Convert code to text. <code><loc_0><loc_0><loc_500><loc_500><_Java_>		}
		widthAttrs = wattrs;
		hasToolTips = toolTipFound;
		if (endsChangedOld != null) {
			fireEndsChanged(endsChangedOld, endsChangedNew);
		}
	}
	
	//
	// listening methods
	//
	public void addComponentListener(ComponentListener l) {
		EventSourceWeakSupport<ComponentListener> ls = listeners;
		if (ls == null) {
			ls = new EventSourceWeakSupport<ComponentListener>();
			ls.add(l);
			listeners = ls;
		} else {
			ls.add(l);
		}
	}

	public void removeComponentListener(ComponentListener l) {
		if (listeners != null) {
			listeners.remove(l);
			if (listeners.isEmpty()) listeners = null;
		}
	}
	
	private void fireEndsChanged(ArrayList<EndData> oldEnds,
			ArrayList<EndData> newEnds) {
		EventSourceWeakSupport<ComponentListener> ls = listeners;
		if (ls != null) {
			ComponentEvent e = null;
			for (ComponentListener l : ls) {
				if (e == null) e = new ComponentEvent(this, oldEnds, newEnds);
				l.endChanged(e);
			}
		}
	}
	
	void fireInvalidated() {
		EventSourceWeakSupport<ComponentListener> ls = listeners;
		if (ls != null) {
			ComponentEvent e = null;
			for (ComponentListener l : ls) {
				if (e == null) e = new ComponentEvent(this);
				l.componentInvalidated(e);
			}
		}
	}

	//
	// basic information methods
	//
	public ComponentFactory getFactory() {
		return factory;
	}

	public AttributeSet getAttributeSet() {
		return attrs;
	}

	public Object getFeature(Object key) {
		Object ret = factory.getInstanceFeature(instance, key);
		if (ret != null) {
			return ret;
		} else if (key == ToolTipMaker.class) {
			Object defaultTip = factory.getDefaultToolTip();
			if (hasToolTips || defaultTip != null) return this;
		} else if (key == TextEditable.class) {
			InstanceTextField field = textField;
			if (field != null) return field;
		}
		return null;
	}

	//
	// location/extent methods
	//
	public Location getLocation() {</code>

INSTRUCTIONS FOR THE TASK: The records above should be repeated in full, exactly as given.

YOUR RESPONSE:
Convert code to text. <code><loc_0><loc_0><loc_500><loc_500><_Java_>		}
		widthAttrs = wattrs;
		hasToolTips = toolTipFound;
		if (endsChangedOld != null) {
			fireEndsChanged(endsChangedOld, endsChangedNew);
		}
	}
	
	//
	// listening methods
	//
	public void addComponentListener(ComponentListener l) {
		EventSourceWeakSupport<ComponentListener> ls = listeners;
		if (ls == null) {
			ls = new EventSourceWeakSupport<ComponentListener>();
			ls.add(l);
			listeners = ls;
		} else {
			ls.add(l);
		}
	}

	public void removeComponentListener(ComponentListener l) {
		if (listeners != null) {
			listeners.remove(l);
			if (listeners.isEmpty()) listeners = null;
		}
	}
	
	private void fireEndsChanged(ArrayList<EndData> oldEnds,
			ArrayList<EndData> newEnds) {
		EventSourceWeakSupport<ComponentListener> ls = listeners;
		if (ls != null) {
			ComponentEvent e = null;
			for (ComponentListener l : ls) {
				if (e == null) e = new ComponentEvent(this, oldEnds, newEnds);
				l.endChanged(e);
			}
		}
	}
	
	void fireInvalidated() {
		EventSourceWeakSupport<ComponentListener> ls = listeners;
		if (ls != null) {
			ComponentEvent e = null;
			for (ComponentListener l : ls) {
				if (e == null) e = new ComponentEvent(this);
				l.componentInvalidated(e);
			}
		}
	}

	//
	// basic information methods
	//
	public ComponentFactory getFactory() {
		return factory;
	}

	public AttributeSet getAttributeSet() {
		return attrs;
	}

	public Object getFeature(Object key) {
		Object ret = factory.getInstanceFeature(instance, key);
		if (ret != null) {
			return ret;
		} else if (key == ToolTipMaker.class) {
			Object defaultTip = factory.getDefaultToolTip();
			if (hasToolTips || defaultTip != null) return this;
		} else if (key == TextEditable.class) {
			InstanceTextField field = textField;
			if (field != null) return field;
		}
		return null;
	}

	//
	// location/extent methods
	//
	public Location getLocation() {</code>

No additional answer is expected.